Hi, great forum - I'm glad I found this place. I've got a 6.5 hp Briggs & Stratton Intek-powered lawn mower, 4 years old. The engine quite suddenly began having problems this summer. It burns oil like mad to leave a haze of bluish white smoke hanging over the yard after a few passes. Starting is nearly impossible, and sometimes the engine "catches" and rips the starter cord out of my hands, but strong pulling gets it to turn over. Only starter fluid and marathon pulling will start this engine. Motor oil covers the inside of the air filter and the air intake. 

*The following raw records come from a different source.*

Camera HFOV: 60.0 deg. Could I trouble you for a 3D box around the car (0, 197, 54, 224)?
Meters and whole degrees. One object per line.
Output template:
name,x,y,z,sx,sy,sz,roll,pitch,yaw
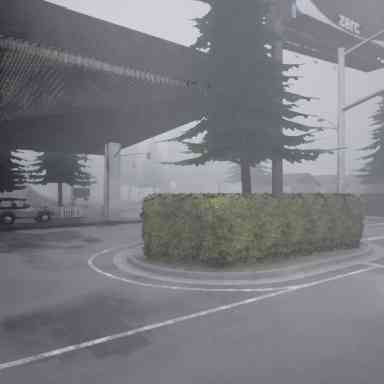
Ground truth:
car,-11.961,1.313,23.491,3.866,1.878,1.905,0,0,-36
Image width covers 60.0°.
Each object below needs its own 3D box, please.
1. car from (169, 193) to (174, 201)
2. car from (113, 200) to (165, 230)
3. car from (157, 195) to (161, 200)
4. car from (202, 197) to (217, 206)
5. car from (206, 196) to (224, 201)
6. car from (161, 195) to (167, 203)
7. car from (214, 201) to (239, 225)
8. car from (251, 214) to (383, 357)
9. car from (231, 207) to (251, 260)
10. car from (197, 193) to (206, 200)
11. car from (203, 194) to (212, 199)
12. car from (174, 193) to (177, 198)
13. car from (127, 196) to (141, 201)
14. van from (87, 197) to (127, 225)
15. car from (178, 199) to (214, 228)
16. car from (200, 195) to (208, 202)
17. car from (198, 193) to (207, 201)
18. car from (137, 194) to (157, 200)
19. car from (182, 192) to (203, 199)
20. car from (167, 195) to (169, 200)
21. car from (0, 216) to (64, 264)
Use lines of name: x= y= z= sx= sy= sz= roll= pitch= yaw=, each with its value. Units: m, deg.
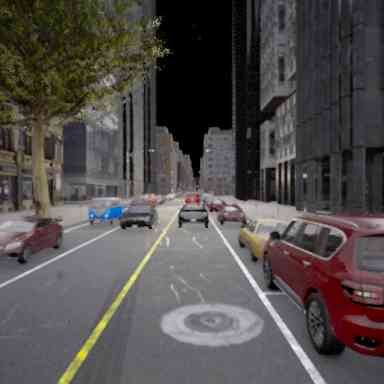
car: x=-5.900 y=1.404 z=79.100 sx=1.752 sy=1.417 sz=4.829 roll=0 pitch=0 yaw=1
car: x=-3.105 y=1.481 z=20.720 sx=2.033 sy=1.411 sz=5.357 roll=0 pitch=0 yaw=0
car: x=-5.877 y=1.204 z=45.465 sx=2.192 sy=1.841 sz=5.009 roll=0 pitch=0 yaw=0
car: x=2.645 y=1.447 z=51.095 sx=1.947 sy=1.339 sz=4.313 roll=0 pitch=0 yaw=0
car: x=2.653 y=1.454 z=34.178 sx=1.887 sy=1.381 sz=4.507 roll=0 pitch=0 yaw=0
car: x=-5.883 y=1.316 z=56.745 sx=1.967 sy=1.590 sz=4.097 roll=0 pitch=0 yaw=0
car: x=2.658 y=1.512 z=22.899 sx=1.802 sy=1.307 sz=4.206 roll=0 pitch=0 yaw=0
car: x=2.666 y=1.291 z=5.984 sx=2.192 sy=1.841 sz=5.009 roll=0 pitch=0 yaw=0
car: x=2.663 y=1.481 z=11.792 sx=1.752 sy=1.417 sz=4.829 roll=0 pitch=0 yaw=0
car: x=2.628 y=1.199 z=90.566 sx=2.192 sy=1.841 sz=5.009 roll=0 pitch=0 yaw=0
car: x=2.651 y=1.339 z=39.816 sx=1.967 sy=1.590 sz=4.097 roll=0 pitch=0 yaw=0
car: x=-5.898 y=1.409 z=90.413 sx=1.752 sy=1.417 sz=4.829 roll=0 pitch=0 yaw=0
car: x=-5.870 y=1.360 z=28.547 sx=1.967 sy=1.590 sz=4.097 roll=0 pitch=0 yaw=0
van: x=-5.868 y=1.271 z=22.907 sx=1.690 sy=1.788 sz=3.998 roll=0 pitch=0 yaw=0
car: x=0.090 y=1.424 z=21.766 sx=2.128 sy=1.511 sz=4.902 roll=0 pitch=0 yaw=0
car: x=2.636 y=1.402 z=73.858 sx=1.752 sy=1.417 sz=4.829 roll=0 pitch=0 yaw=1
car: x=2.630 y=1.198 z=84.926 sx=2.192 sy=1.841 sz=5.009 roll=0 pitch=0 yaw=0
car: x=-5.875 y=1.214 z=39.826 sx=2.192 sy=1.841 sz=5.009 roll=0 pitch=0 yaw=0
car: x=0.080 y=1.109 z=46.352 sx=2.150 sy=2.045 sz=5.566 roll=0 pitch=0 yaw=0
car: x=-5.885 y=1.313 z=62.383 sx=1.967 sy=1.590 sz=4.097 roll=0 pitch=0 yaw=0
car: x=-5.862 y=1.538 z=11.628 sx=1.802 sy=1.307 sz=4.206 roll=0 pitch=0 yaw=0
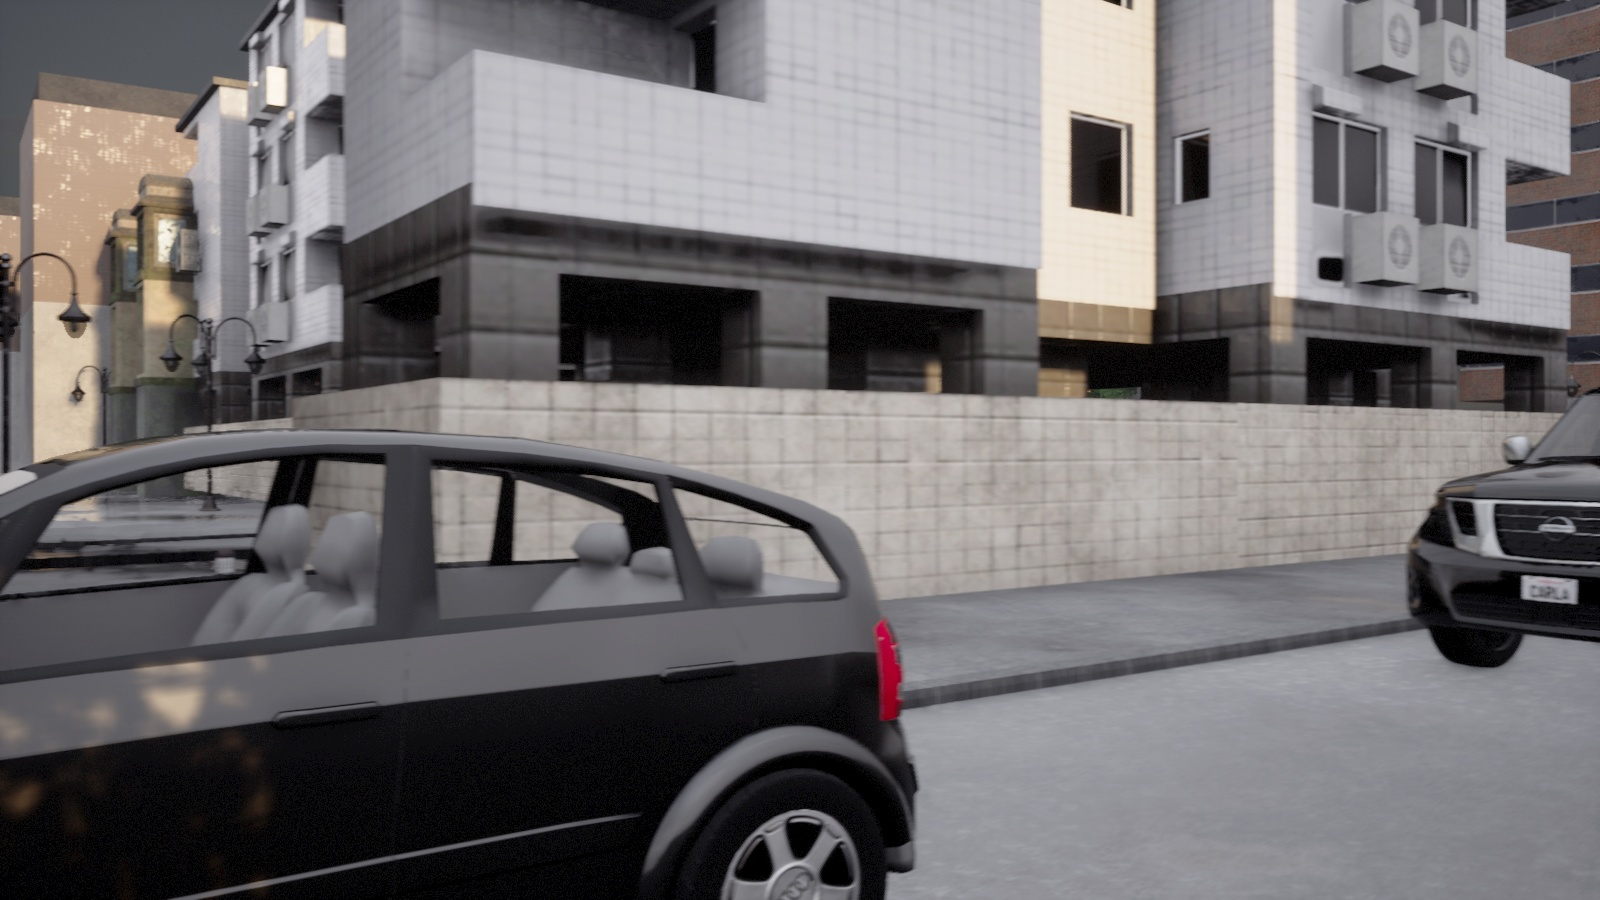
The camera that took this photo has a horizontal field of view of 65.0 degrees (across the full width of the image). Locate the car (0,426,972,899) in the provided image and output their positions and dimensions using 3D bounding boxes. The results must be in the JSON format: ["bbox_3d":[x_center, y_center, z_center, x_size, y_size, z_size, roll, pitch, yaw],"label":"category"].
[{"bbox_3d":[-1.555,0.733,3.185,3.705,1.549,1.789,0,0,-35],"label":"car"}]

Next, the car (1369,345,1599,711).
[{"bbox_3d":[6.593,0.424,8.861,5.566,2.045,2.150,0,0,-35],"label":"car"}]
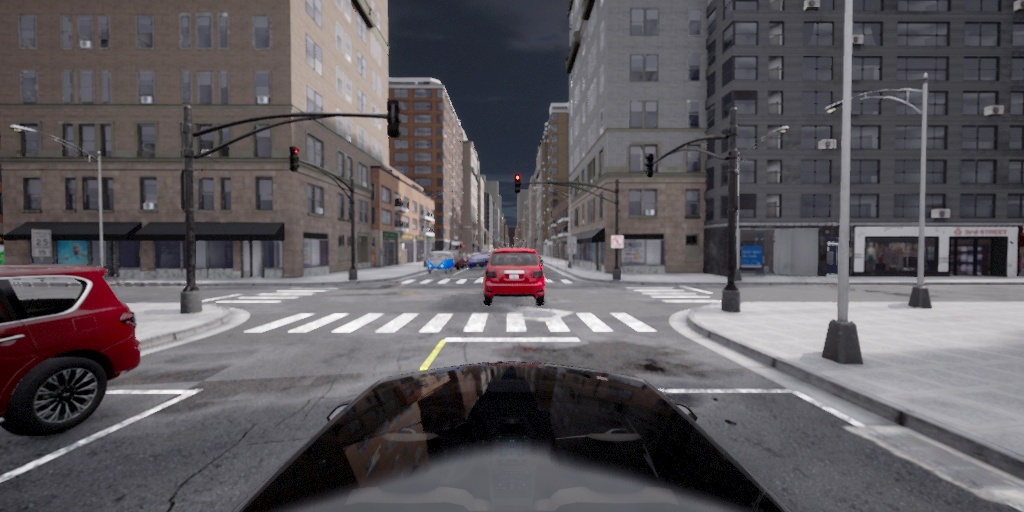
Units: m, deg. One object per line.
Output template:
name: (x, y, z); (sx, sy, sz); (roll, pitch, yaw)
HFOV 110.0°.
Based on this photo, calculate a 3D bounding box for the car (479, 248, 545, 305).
car: (0.086, 0.703, 14.468); (2.150, 2.045, 5.566); (0, 2, 0)

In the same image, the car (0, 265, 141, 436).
car: (-5.857, 1.045, 2.628); (2.192, 1.841, 5.009); (0, 0, 0)

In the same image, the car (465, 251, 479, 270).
car: (-3.096, 0.525, 34.996); (1.882, 1.535, 5.008); (0, 1, 0)

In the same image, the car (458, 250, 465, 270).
car: (-5.855, 0.359, 35.165); (2.192, 1.841, 5.009); (0, 0, 0)

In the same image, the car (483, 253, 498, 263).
car: (-3.077, 0.291, 51.886); (1.895, 1.301, 4.718); (0, 1, 0)

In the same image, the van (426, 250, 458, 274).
van: (-5.855, 0.503, 29.570); (1.690, 1.789, 3.998); (0, 0, 0)

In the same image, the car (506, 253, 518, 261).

First I checked the compression by turning the engine over with the starter cord; ~20 PSI dry (very bottom of compression gauge scale), and ~35 PSI wet. I figured this low compression is the problem, but I've read that compression testing these small engines is difficult and unreliable, and it doesn't help that I cannot find the compression specs for this engine anywhere. I also tried holding my thumb over the spark plug opening while hand cranking the engine, and the pressure seems to bleed on the upstroke, and I feel a vacuum on the downstroke. I can even hear what sounds like air squeezing past the rings.

I checked the breather valve as well. Blowing and sucking on it (not what you're thinking) revealed a functional diaphragm, letting air pass easily while flapping shut with the least bit of suction. A 0.45" feeler gauge wasn't even close to slipping between the diaphragm and the valve body. The tube connecting the breather to the intake housing is also clear. Is this a thorough test of the breather? 

The cylinder head and valve cover both seem secure, but I haven't removed them to check for a bad head gasket. Rather than do any major work on this engine, I prefer to buy a new one. I found a Honda GCV160 cheap, and it only cost a bit more than doing a ring job on this BS engine, since I'd have to buy the tools for compressing rings. I've no experience on replacing/adjusting valves, so without help such a repair is out of the question. 

So, is low compression is the problem? What else could I do to pinpoint the problem? Thanks in advance for your help. Sorry about the long posting but I didn't want to leave anything out.


----------



## bugman (Aug 12, 2004)

well, the low compression may come from it having a compression release for starting easy, that and the ripping outta the hands part leaves me to think the valves are in fact outta adjustment, you say oil in the filter.....bad breather. also keep a check on the oil anyway, when they use oil like that, they get low, and that does cause a ring problem.


----------